Out-of-Core DataFrames to visualize and explore big tabular datasets
Project description
|Travis| |Conda| |Chat|
Vaex uses several sites:
* Main page: https://vaex.io/
* Documentation: https://docs.vaex.io/
* Github: https://github.com/vaexio/vaex
* PyPi: https://pypi-hypernode.com/pypi/vaex/
Vaex is open source software, if you need support, contact us at https://vaex.io
What is Vaex?
-------------
Vaex is a python library for lazy **Out-of-Core DataFrames** (similar to
Pandas), to visualize and explore big tabular datasets. It can calculate
*statistics* such as mean, sum, count, standard deviation etc, on an
*N-dimensional grid* for more than **a billion** (10^9) objects/rows
**per second**. Visualization is done using **histograms**, **density
plots** and **3d volume rendering**, allowing interactive exploration of
big data. Vaex uses memory mapping, zero memory copy policy and lazy
computations for best performance (no memory wasted).
Why vaex
========
- **Performance:** Works with huge tabular data, process
more than a *billion* rows/second
- **Lazy / Virtual columns:** compute on the fly, without wasting ram
- **Memory efficient** no memory copies when doing
filtering/selections/subsets.
- **Visualization:** directly supported, a one-liner is often enough.
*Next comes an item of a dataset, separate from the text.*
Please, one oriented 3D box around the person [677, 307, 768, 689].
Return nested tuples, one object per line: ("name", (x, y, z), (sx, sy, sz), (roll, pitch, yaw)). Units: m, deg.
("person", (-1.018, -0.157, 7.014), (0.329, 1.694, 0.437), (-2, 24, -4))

- **User friendly API:** You will only need to deal with a Dataset
object, and tab completion + docstring will help you out:
``ds.mean<tab>``, feels very similar to Pandas.
- **Lean:** separated into multiple packages
- ``vaex-core``: Dataset and core algorithms, takes numpy arrays as
input columns.
- ``vaex-hdf5``: Provides memory mapped numpy arrays to a Dataset.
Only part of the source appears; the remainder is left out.